— INSTRUCTIONS TO FOLLOW —
Below are entries with pictures among them; reproduce exactly, and only, the lines from the one containing "toolbox,-0.038,0.508,1.568,0.392,0.192,0.192,-15,78,-17" down to the one containing "2) car <box>649,159,793,223</box>", without the pictures.

— RECORDS FOR PROCESSING —
* * *
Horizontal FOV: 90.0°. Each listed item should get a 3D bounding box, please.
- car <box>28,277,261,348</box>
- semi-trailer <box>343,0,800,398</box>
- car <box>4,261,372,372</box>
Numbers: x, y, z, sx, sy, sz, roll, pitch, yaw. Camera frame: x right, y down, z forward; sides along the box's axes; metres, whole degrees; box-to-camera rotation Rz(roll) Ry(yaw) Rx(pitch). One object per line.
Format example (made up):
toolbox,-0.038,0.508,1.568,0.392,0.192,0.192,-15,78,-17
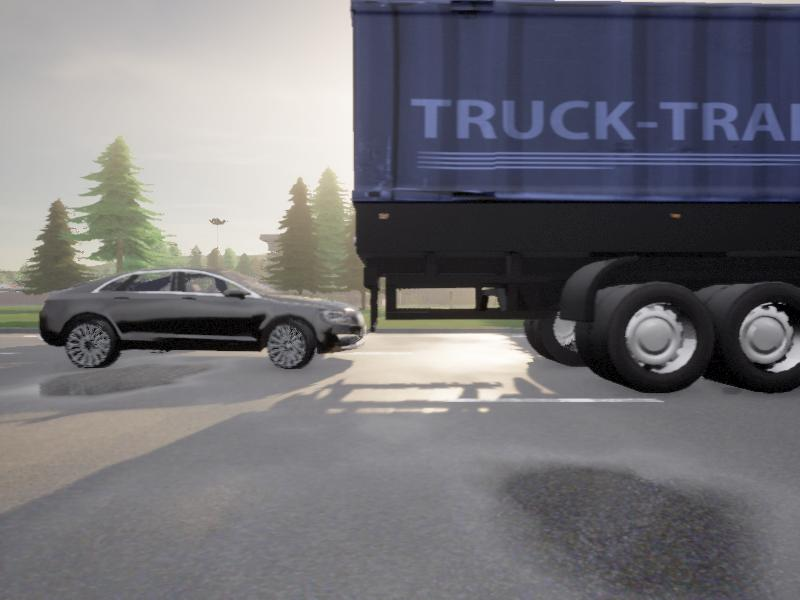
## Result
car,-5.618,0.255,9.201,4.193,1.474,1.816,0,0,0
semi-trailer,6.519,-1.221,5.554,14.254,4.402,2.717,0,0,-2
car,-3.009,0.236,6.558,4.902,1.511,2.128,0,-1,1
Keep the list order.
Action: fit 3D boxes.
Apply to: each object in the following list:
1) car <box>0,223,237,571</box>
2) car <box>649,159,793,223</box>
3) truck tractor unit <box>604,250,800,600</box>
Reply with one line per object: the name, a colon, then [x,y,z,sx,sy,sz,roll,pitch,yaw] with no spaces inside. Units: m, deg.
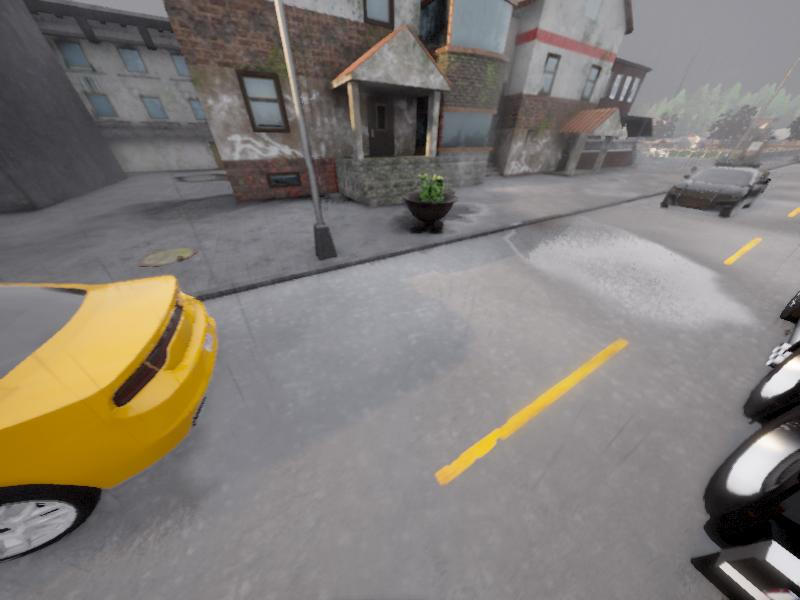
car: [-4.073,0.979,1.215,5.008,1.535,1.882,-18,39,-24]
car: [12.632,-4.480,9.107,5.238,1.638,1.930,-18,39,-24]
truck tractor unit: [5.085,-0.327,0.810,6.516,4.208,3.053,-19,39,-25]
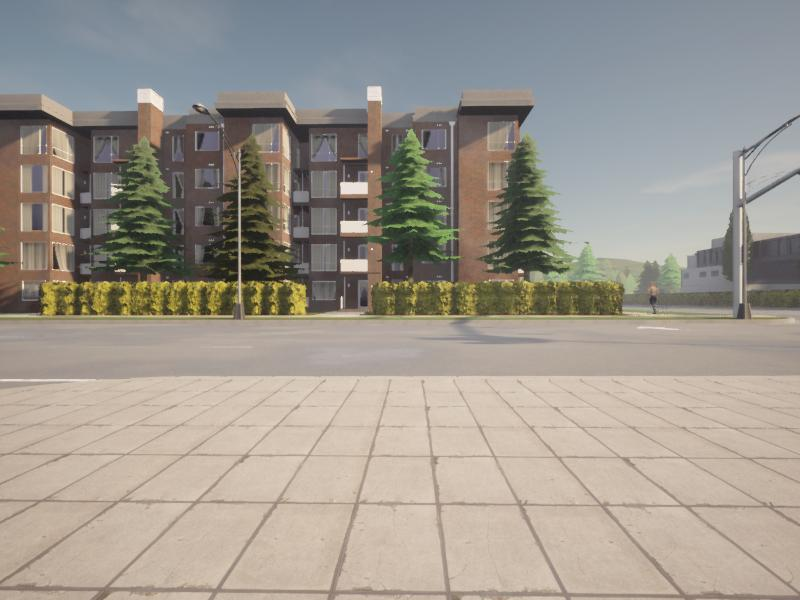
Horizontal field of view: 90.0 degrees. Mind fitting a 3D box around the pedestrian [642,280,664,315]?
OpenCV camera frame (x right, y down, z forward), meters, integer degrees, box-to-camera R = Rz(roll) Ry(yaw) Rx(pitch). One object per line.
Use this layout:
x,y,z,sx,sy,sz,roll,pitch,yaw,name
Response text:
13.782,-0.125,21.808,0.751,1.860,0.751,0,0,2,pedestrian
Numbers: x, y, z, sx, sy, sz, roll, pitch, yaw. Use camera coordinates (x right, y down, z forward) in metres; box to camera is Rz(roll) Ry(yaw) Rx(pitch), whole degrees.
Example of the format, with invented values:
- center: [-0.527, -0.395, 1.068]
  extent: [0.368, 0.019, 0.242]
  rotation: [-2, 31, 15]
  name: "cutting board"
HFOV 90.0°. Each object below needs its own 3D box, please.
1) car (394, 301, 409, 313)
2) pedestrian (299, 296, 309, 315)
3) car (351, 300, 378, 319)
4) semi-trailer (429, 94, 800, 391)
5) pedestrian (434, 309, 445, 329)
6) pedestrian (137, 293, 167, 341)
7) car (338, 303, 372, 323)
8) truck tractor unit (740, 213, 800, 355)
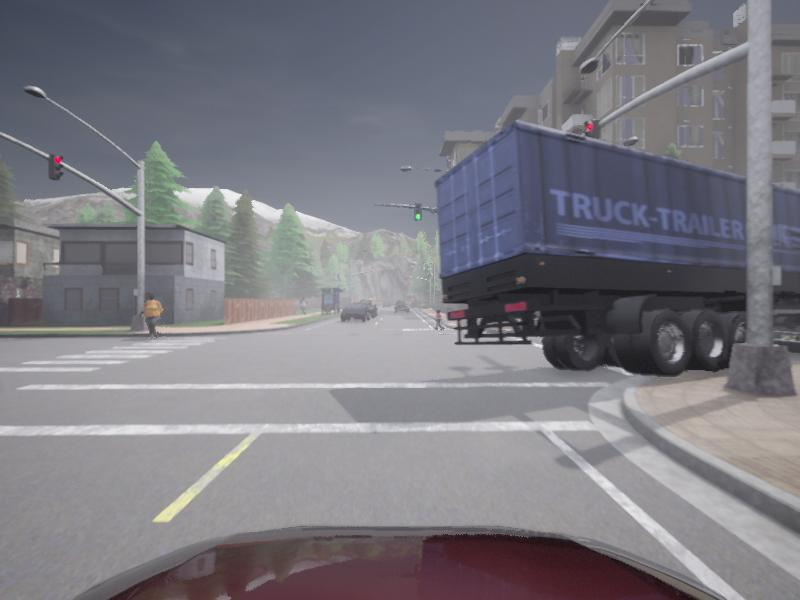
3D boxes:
* * *
— WRITTEN ANSWER —
toolbox,-0.038,0.508,1.568,0.392,0.192,0.192,-15,78,-17
## Result
car,-5.618,0.255,9.201,4.193,1.474,1.816,0,0,0
semi-trailer,6.519,-1.221,5.554,14.254,4.402,2.717,0,0,-2
car,-3.009,0.236,6.558,4.902,1.511,2.128,0,-1,1
Keep the list order.
Action: fit 3D boxes.
Apply to: each object in the following list:
1) car <box>0,223,237,571</box>
2) car <box>649,159,793,223</box>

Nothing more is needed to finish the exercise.